Regional content has grown to account for 40 percent of overall content consumption
In its India Watch Report 2019, video streaming platform Hotstar revealed that non-metros are outstripping metros in terms of video consumption and regional content has grown to account for 40 percent of overall content consumption.
Non-metro cities account for 63 percent of the total online video consumption, and a new generation of users has emerged, who don’t conform to stereotypes, says the report. For instance, men are as inclined to watch family dramas as women, accounting for more than 40 percent of views. Forty-one percent of Game of Thrones viewers also watched Hindi family dramas. And women accounted for 45 percent of the total video consumption, a 3.2x jump from last year.

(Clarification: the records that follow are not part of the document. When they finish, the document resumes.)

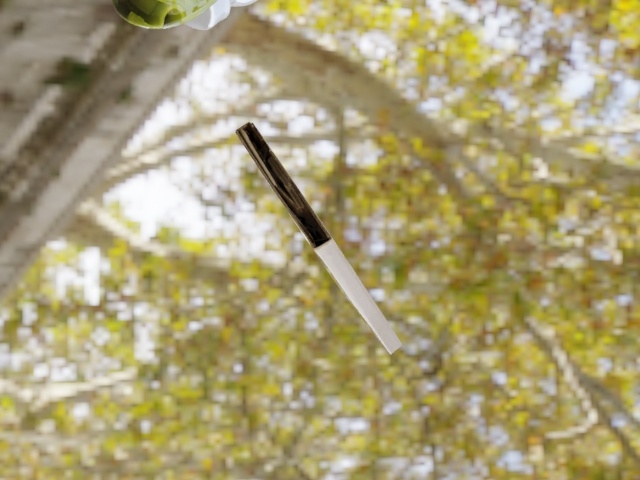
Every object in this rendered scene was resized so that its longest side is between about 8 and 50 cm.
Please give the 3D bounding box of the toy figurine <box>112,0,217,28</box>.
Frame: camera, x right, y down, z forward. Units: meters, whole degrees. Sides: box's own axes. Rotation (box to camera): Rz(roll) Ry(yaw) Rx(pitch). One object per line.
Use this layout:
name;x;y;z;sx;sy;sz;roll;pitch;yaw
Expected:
toy figurine;-0.074;-0.370;1.499;0.191;0.362;0.217;35;-34;14

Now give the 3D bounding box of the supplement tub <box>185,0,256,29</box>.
supplement tub;-0.077;-0.374;1.908;0.191;0.272;0.191;41;-17;16

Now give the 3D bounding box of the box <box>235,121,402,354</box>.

In regional languages, Hotstar found that Tamil, Telugu and Bengali are the top ones. “The accelerated growth of the Indian video entertainment ecosystem has had an unprecedented impact on the consumer. Today the consumer enjoys a plethora of content to choose from… has moved beyond metro cities and isn’t limited by gender or language,” says Varun Narang, executive vice president and chief product officer, Hotstar. “This growing accessibility has opened doors to new thoughts and ideas that are shaping a stereotype-defying consumer.”
Sports streaming remains the most popular with Hotstar's reach expanding to 300 million during the Vivo IPL 2019. Viewing is also moving from a “passive experience” to an “immersive and social one”. A case in point, 64 million viewers participated in Vivo IPL 2019’s Watch 'N Play segment, twice as many as last year.